French workers pride themselves on being more productive than their peers in other countries, despite the fact that they work fewer hours — but that advantage is waning.
In a speech on Thursday Emmanuel Macron, France’s president, encouraged French people to have longer working lives, but rejected suggestions that France should abolish some official holidays in order to increase the length of the average working week.
Launching a programme of reforms, he argued that upping working hours would bring in more revenue. Mr Macron hopes the measures will help him to regain the political initiative after months of divisive street protests.
French people work 13 per cent fewer hours than the OECD average, and 14 per cent less than in the US, according to the Paris-based club of 36 rich nations.
This is despite the fact that France’s workforce has a higher-than-average share of full-time employees — some 82 per cent of French workers are full-time. By contrast, a high incidence of part-timers drags down Germany’s average annual working hours.
The full-time French working week is around three hours shorter than those in the UK and US on average, and the French also work shorter hours than Italians, Germans and Spaniards.
France’s generous paid holidays partly help to explain why its average working hours are lower than in the US. But the French do not enjoy notably more holidays than their EU peers, many of whom take a similar amount of leisure time.
And French workers make up for their short hours by their high productivity: they are more productive than the average across the EU, the eurozone and the G7 countries.
Each hour of work in France produces about 16 per cent more value than in the UK — the equivalent of almost a full additional day of work every week.
“The French economy has high productivity, ensuring standards of living in line with the OECD average,” according to a report published by the club earlier this month.
However, this narrative that French employees work shorter but more productive hours is beginning to falter.
“Productivity of the French economy has been much more dynamic than those of its peers, notably European [nations], for a long time,” said Daniela Ordonez, economist at Oxford Economics. “But this trend has slowed sharply lately, with French productivity stagnating over the past few years.”
Another factor to take into account is that a larger-than-average share of the French population is not in the workforce — largely those who are less productive and would earn the least.
In France only 71 per cent of the population was in employment last year, compared with 79 per cent of the UK and 80 per cent in Germany.

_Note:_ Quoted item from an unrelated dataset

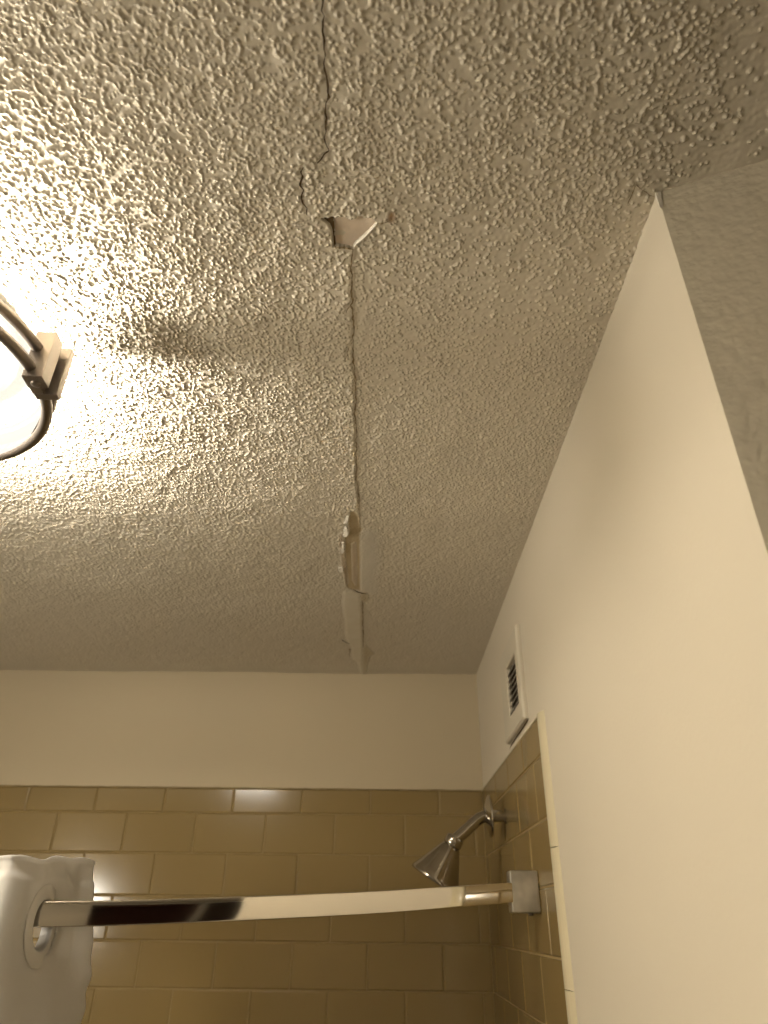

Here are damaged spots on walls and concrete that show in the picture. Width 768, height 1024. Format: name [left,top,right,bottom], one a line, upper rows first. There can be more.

crack [299,0,330,214]
spalling [324,216,378,250]
crack [346,250,361,518]
peeling [341,589,375,674]

The French jobseeker rate is more than double that of the UK or Germany.
Angel Gurría, OECD secretary-general, said earlier this month that “there is a real need to address the social challenges of long-term unemployment, difficulty in joining the labour market and weak social mobility” in France.

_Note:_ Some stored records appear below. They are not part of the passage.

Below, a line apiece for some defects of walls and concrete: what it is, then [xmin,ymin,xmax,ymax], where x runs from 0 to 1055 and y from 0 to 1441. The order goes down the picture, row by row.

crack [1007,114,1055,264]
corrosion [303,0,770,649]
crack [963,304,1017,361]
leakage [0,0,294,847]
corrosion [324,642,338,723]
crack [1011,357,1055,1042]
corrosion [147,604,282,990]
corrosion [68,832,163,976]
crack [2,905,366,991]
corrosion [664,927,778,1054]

The problem is particularly concentrated among those with lower educational attainment. Only 52 per cent of French people aged 20 to 64 years old with a basic level of school education were in employment last year, compared with 65 per cent in the UK.
“Too many low-skilled and young people are excluded from the labour market, and unequal educational outcomes weaken intergenerational mobility,” the OECD said.
Foreigners are also disadvantaged. In France, only 61 per cent of the foreign-born population was in employment last year, 13 percentage points below the figure for those born in the country. This gap is four times higher than it is in the UK.
Mr Macron’s plan to increase the number of hours worked “can be a track to follow, especially as it might automatically help relieve, at least partially, the huge problem of the pension system financing”, said Mrs Ordonez. But “this will not resolve the key problems French society is facing today, such as high unemployment and inequalities”.